Saturday, November 22, 2008

Creativity Begins In . . .

Creativity begins in dissent. I heard someone say that a long time ago and believed it. But now I am not so sure.
Here is why.
I was painting with a friend the other afternoon—or rather making graded dilutions of my colors to see what water did to them. When I finished there was still time left over, so I made a copy of a print hanging on the wall.
The print was “The Bath” by Mary Cassatt. As I made my quick little copy, I saw the care with which Cassatt had composed her painting.
The four essential elements overlap one another: the woman, the little girl, the basin of water, and the pitcher. Together they form a unity that you could almost cut from cardboard and place over any background you like. Almost: Cassatt anchors the pitcher at the bottom edge of the composition, so the unity of woman and girl and bath belongs to this room and no other. Therefore Cassatt presents us with something universal, for the more particular a thing is, the more universal it is.

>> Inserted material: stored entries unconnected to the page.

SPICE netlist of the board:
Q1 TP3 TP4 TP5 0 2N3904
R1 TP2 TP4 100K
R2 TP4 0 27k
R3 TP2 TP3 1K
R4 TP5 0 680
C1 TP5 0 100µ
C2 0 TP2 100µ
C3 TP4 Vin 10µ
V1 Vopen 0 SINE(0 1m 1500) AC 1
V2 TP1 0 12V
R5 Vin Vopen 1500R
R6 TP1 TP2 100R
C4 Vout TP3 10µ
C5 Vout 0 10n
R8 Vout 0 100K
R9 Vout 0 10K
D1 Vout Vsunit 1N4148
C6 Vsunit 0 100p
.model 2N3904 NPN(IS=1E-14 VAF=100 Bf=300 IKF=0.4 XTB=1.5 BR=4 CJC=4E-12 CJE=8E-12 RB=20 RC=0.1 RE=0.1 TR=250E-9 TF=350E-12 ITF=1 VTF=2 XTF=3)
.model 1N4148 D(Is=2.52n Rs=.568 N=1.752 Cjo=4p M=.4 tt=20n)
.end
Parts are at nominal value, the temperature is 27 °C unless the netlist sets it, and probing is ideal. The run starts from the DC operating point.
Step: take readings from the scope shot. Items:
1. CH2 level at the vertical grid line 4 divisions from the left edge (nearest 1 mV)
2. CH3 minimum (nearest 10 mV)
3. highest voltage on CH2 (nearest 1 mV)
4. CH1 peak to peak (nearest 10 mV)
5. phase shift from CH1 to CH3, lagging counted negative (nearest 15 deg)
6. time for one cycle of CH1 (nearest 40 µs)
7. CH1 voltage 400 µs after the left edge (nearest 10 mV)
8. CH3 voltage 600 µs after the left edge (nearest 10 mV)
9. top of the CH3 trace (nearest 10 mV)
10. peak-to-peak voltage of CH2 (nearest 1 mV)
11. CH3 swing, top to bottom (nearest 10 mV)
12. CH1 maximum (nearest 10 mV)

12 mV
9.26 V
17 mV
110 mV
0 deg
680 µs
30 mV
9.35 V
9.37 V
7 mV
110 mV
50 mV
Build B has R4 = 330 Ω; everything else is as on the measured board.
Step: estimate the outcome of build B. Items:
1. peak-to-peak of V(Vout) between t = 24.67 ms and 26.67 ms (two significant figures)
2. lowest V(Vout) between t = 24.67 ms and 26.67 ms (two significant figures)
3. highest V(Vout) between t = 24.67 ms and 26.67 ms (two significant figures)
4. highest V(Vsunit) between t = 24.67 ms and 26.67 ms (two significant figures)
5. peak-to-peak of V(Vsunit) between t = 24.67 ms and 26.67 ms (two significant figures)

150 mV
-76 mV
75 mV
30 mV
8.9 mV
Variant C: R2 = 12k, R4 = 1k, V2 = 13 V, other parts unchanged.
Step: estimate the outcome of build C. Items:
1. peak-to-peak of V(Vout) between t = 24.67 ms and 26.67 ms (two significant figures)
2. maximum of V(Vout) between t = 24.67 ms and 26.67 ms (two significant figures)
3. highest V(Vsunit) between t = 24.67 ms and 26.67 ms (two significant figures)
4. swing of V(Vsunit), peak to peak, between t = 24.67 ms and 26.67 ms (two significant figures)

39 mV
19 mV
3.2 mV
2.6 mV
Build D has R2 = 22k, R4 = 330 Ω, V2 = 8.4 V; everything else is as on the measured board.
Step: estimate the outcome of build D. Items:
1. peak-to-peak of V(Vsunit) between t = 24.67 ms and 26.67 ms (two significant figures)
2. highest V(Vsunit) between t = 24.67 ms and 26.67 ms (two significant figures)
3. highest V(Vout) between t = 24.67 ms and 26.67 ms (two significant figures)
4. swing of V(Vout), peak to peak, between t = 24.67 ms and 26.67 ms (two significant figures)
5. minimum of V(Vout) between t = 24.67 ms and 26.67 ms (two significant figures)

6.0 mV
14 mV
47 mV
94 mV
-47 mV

Look at the care with which the bodies of the woman and girl are disposed. The negative space made by the girl’s legs is mirrored by the space made by the woman’s arm and the girl. The woman’s hand and arm are mirrored in the girl’s hand and arm. The girl’s other arm is crooked to hold the woman’s knee: the woman’s arm is crooked to hold the girl. Both faces look down at the large hand and the small foot in the basin. Their postures are in fact identical. And yet they are two separate people. Their hair color is different, their skin tones, their features. (You cannot see this in my little copy. Go to the link.)
Look at the careful rendering of the essential elements: the modeling of the girl’s tanned arms and pale body, the folds of the woman’s dress, the gold line decorations on the basin and the pitcher. Then look at the careful carelessness of the brush stokes in the background. Quick. Dash.
I cannot see the creativity of this painting beginning in dissent. Even if you could find some art critic—and I am not saying you can—writing about the plight of the working class and the inequality of women washing grubby little feet while the men sit about in banks smoking cigars—even if you could find such opinions, I am not sure they have anything to do with the care and attention put into this painting.
It seems more likely that Mary Cassatt had simply found something she loved looking at and put this care and attention into this painting so someone else could see it, too.
As for dissent—lots of creativity surely begins there, as well as in anger, outrage, hatred, disillusionment, despair. As well as in playfulness, maddness, religious rapture, crankiness, and many other things you might name. But I am putting away the notion that any one of these things, and it alone, drives creativity.